Let $$X$$ denote the feature vector, $$A$$ the protected (sensitive) attribute, and $$Y$$ the true label. A classifier $$h$$ satisfies demographic parity if its predicted outcome is independent of the protected attribute:

> $$P(h(X) = 1 \mid A = a) = P(h(X) = 1 \mid A = b)$$ for all groups $$a, b \in A$$

Equivalently, the condition can be written as:

> $$P(h(X) = 1 \mid A = a) = P(h(X) = 1)$$ for every value $$a$$ of $$A$$

This means the selection rate (the proportion of individuals receiving a positive prediction) must be the same across all groups defined by the protected attribute. In the regression setting, a predictor $$f$$ satisfies demographic parity if the cumulative distribution of $$f(X)$$ is identical across groups:[12]

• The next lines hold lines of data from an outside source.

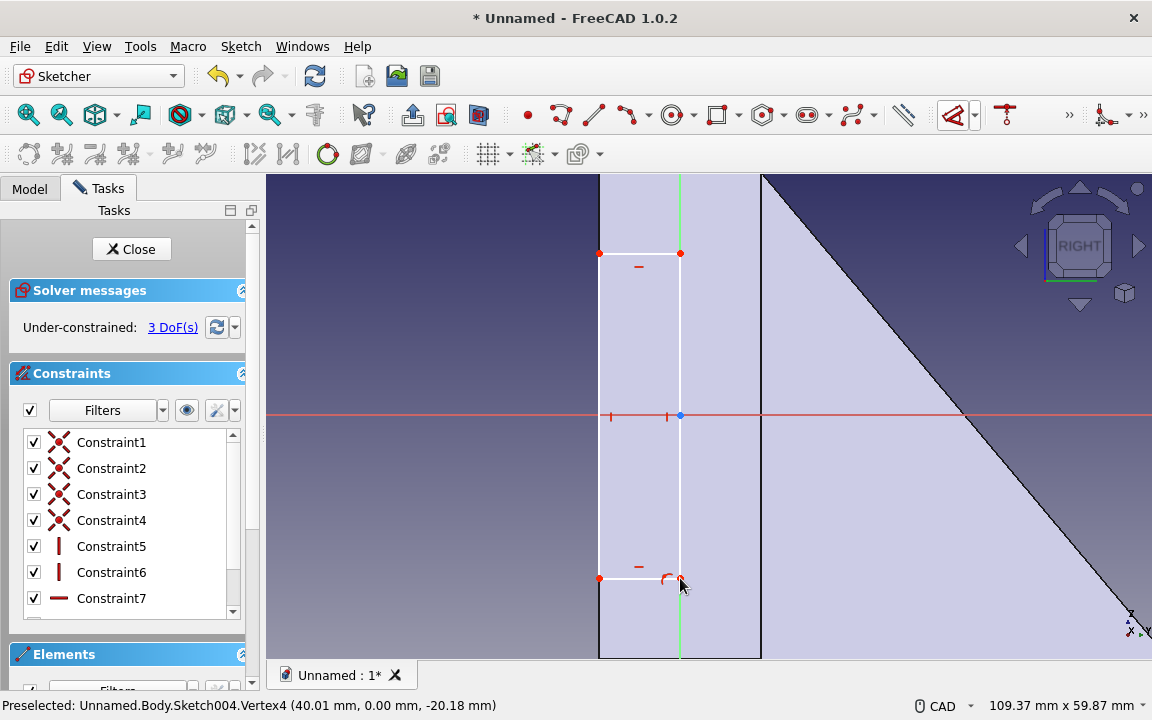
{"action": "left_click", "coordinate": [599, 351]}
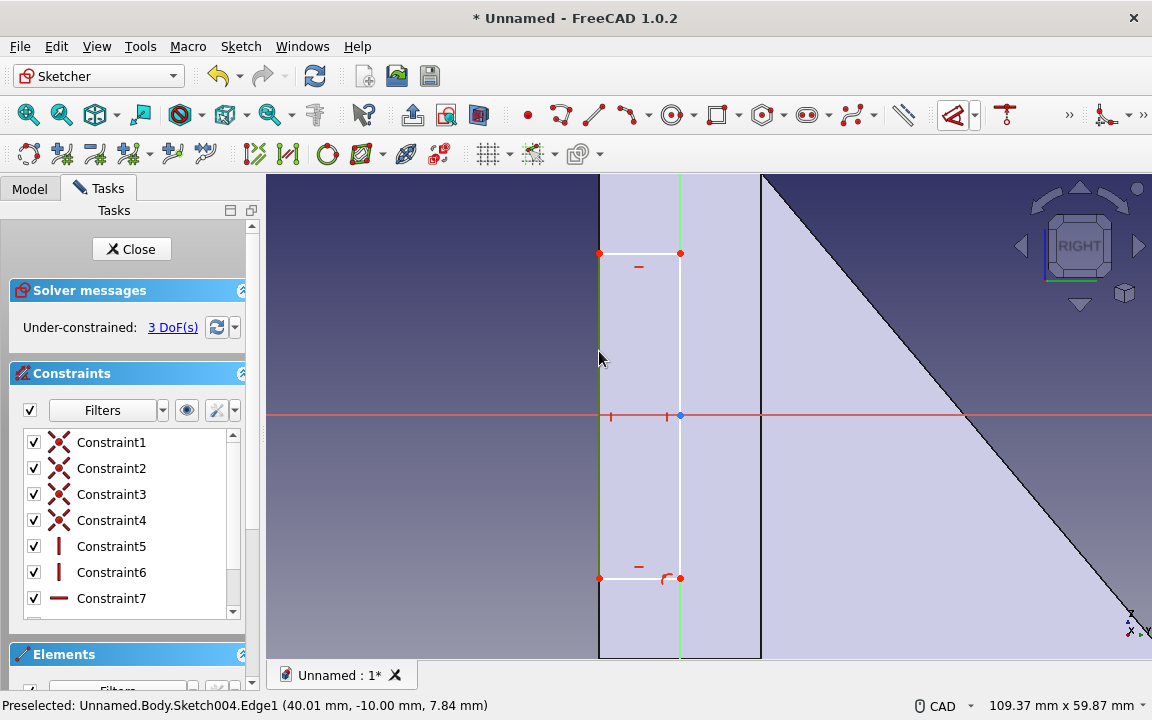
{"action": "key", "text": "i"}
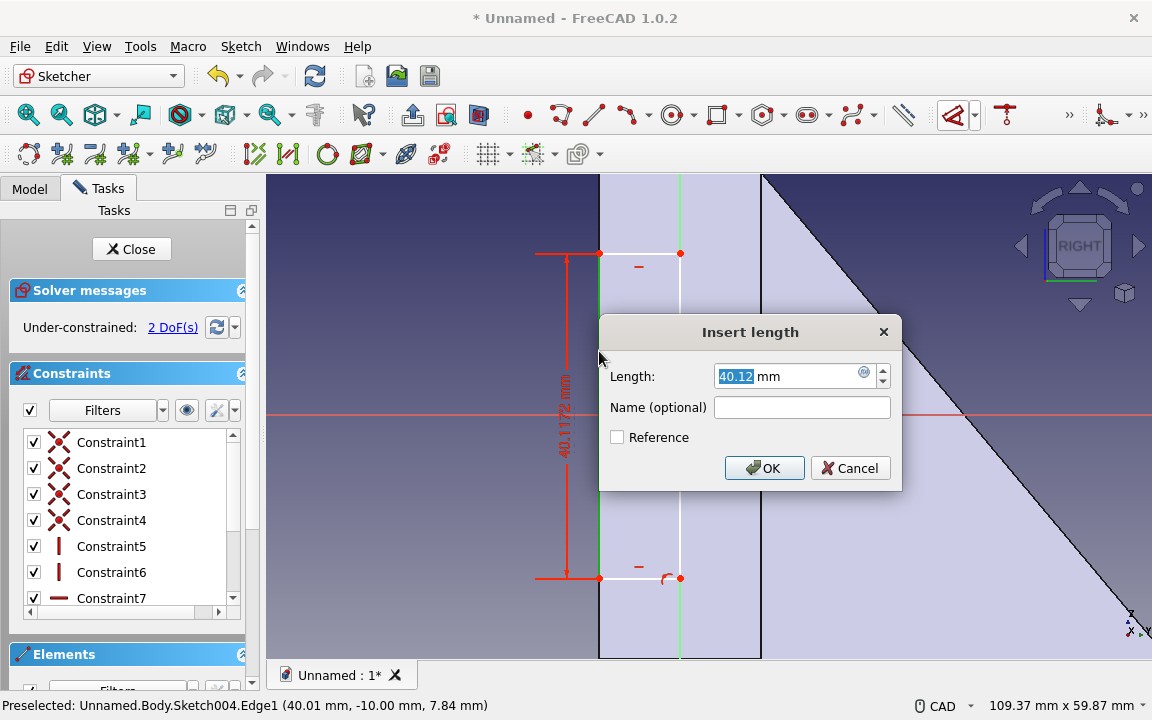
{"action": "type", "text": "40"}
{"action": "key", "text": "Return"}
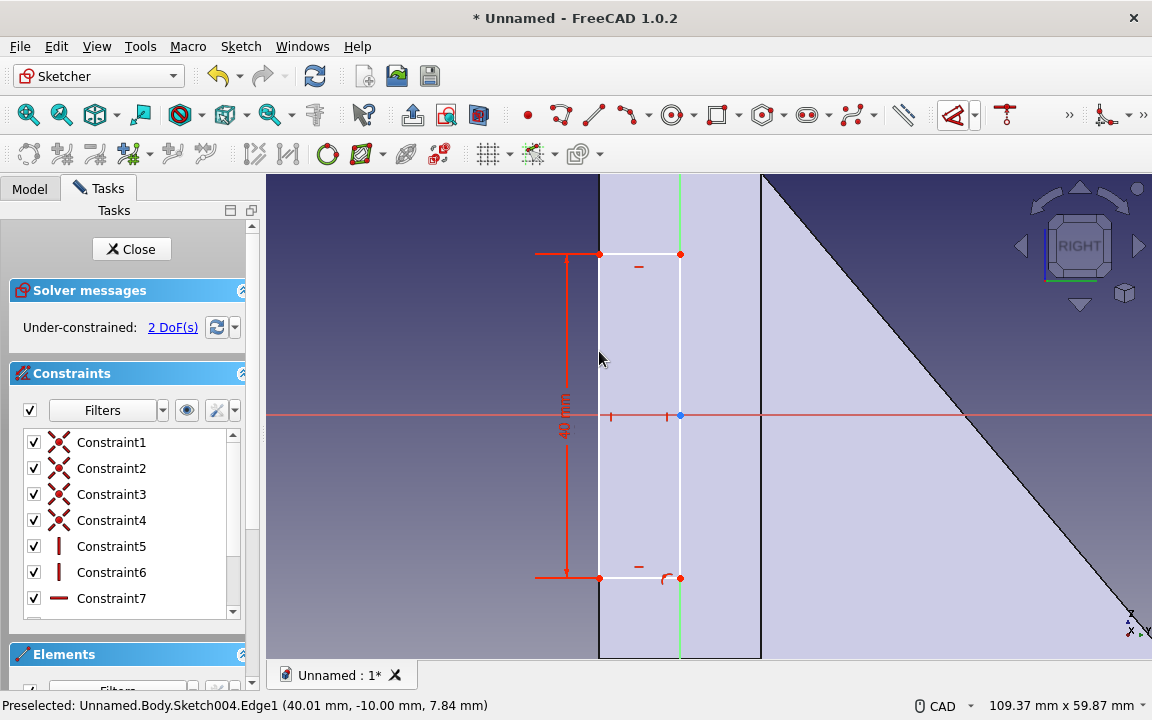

> $$P(f(X) \ge z \mid A = a) = P(f(X) \ge z)$$ for all $$a$$ and all thresholds $$z$$

### How is demographic parity measured?

In practice, perfect independence rarely holds. Practitioners therefore measure how close a system is to demographic parity using two related quantities.

| Metric | Formula | Perfect fairness value |
|---|---|---|
| Demographic parity difference (DPD) | $$\max_a P(h(X)=1 \mid A=a) - \min_a P(h(X)=1 \mid A=a)$$ | 0 |
| Demographic parity ratio (DPR) | $$\min_a P(h(X)=1 \mid A=a) / \max_a P(h(X)=1 \mid A=a)$$ | 1 |

A DPD close to 0 or a DPR close to 1 indicates that the system is approximately satisfying demographic parity. The widely cited "four-fifths rule" (discussed below) uses a threshold of 0.8 on the ratio.

## When was demographic parity introduced?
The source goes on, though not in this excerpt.